Copy the records word for word, omitting all pictures.

[Collection entries]
------------

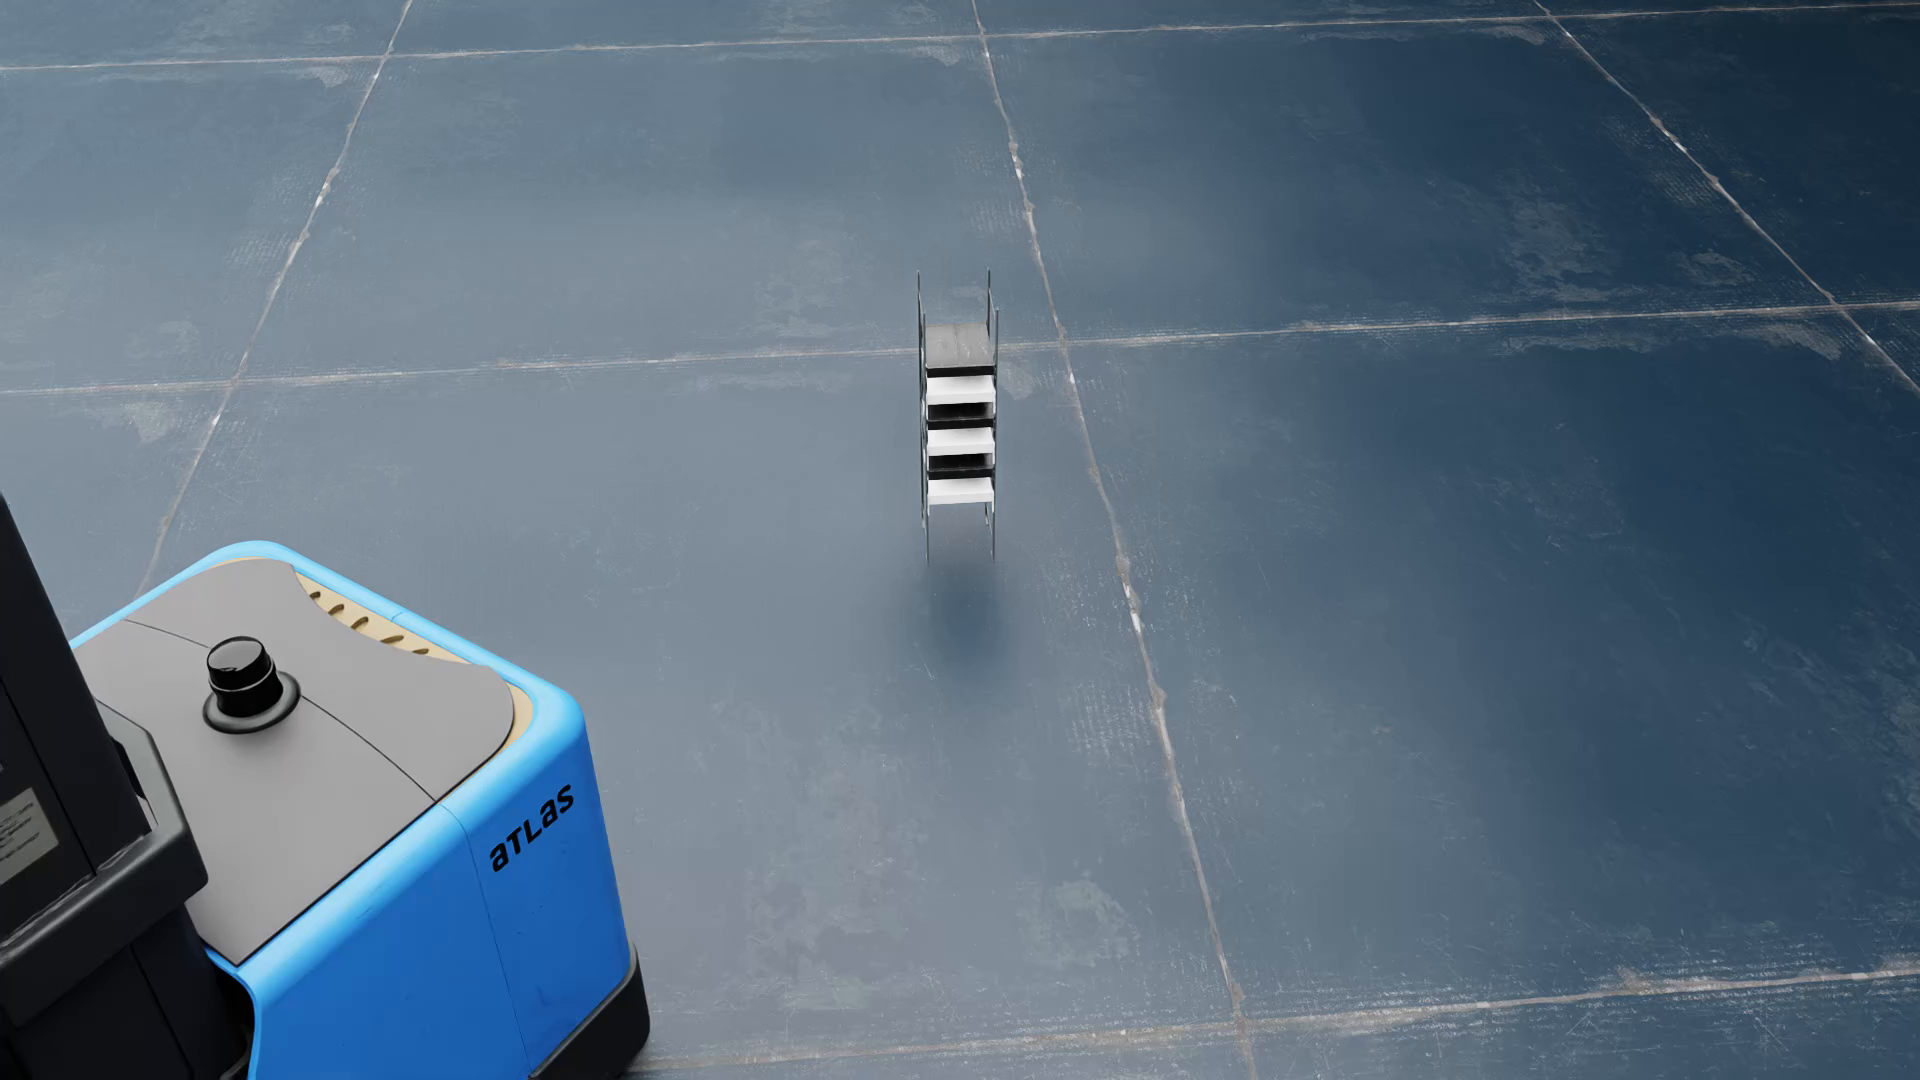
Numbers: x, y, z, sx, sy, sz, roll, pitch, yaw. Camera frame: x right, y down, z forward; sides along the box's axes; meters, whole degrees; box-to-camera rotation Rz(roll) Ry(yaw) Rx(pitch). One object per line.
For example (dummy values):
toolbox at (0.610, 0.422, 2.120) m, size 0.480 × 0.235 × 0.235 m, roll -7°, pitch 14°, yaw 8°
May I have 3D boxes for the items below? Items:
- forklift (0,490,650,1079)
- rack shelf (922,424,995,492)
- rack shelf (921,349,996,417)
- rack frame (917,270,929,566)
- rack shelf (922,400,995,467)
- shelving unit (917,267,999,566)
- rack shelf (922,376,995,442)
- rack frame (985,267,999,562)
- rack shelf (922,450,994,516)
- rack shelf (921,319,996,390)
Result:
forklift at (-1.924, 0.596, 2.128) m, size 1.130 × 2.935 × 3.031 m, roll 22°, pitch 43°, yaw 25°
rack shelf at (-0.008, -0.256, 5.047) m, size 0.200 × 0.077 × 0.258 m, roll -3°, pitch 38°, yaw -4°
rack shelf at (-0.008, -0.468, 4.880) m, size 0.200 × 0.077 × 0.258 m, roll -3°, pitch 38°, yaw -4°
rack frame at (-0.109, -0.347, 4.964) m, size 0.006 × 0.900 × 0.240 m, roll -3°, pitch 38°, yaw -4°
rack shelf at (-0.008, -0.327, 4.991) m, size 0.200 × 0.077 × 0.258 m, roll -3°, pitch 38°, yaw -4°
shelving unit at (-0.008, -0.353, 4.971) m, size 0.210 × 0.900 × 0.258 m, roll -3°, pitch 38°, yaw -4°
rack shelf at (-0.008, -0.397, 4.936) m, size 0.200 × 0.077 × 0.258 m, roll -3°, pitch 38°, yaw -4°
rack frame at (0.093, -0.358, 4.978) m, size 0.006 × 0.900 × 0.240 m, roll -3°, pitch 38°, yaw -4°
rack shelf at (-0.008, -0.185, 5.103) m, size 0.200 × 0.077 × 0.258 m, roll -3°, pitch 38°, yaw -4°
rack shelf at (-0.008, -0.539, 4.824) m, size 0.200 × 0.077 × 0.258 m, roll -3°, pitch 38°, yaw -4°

------------

**Output for this exercise**.
Numbers: x, y, z, sx, sy, sz, roll, pitch, yaw. Camera frame: x right, y down, z forward; sides along the box's axes; meters, whole degrees; box-to-camera rotation Rz(roll) Ry(yaw) Rx(pitch). One object per line.
For example (dummy values):
toolbox at (0.610, 0.422, 2.120) m, size 0.480 × 0.235 × 0.235 m, roll -7°, pitch 14°, yaw 8°
May I have 3D boxes for the items below? Items:
- forklift (0,490,650,1079)
- rack shelf (922,424,995,492)
- rack shelf (921,349,996,417)
- rack frame (917,270,929,566)
- rack shelf (922,400,995,467)
- shelving unit (917,267,999,566)
- rack shelf (922,376,995,442)
- rack frame (985,267,999,562)
- rack shelf (922,450,994,516)
- rack shelf (921,319,996,390)
Result:
forklift at (-1.924, 0.596, 2.128) m, size 1.130 × 2.935 × 3.031 m, roll 22°, pitch 43°, yaw 25°
rack shelf at (-0.008, -0.256, 5.047) m, size 0.200 × 0.077 × 0.258 m, roll -3°, pitch 38°, yaw -4°
rack shelf at (-0.008, -0.468, 4.880) m, size 0.200 × 0.077 × 0.258 m, roll -3°, pitch 38°, yaw -4°
rack frame at (-0.109, -0.347, 4.964) m, size 0.006 × 0.900 × 0.240 m, roll -3°, pitch 38°, yaw -4°
rack shelf at (-0.008, -0.327, 4.991) m, size 0.200 × 0.077 × 0.258 m, roll -3°, pitch 38°, yaw -4°
shelving unit at (-0.008, -0.353, 4.971) m, size 0.210 × 0.900 × 0.258 m, roll -3°, pitch 38°, yaw -4°
rack shelf at (-0.008, -0.397, 4.936) m, size 0.200 × 0.077 × 0.258 m, roll -3°, pitch 38°, yaw -4°
rack frame at (0.093, -0.358, 4.978) m, size 0.006 × 0.900 × 0.240 m, roll -3°, pitch 38°, yaw -4°
rack shelf at (-0.008, -0.185, 5.103) m, size 0.200 × 0.077 × 0.258 m, roll -3°, pitch 38°, yaw -4°
rack shelf at (-0.008, -0.539, 4.824) m, size 0.200 × 0.077 × 0.258 m, roll -3°, pitch 38°, yaw -4°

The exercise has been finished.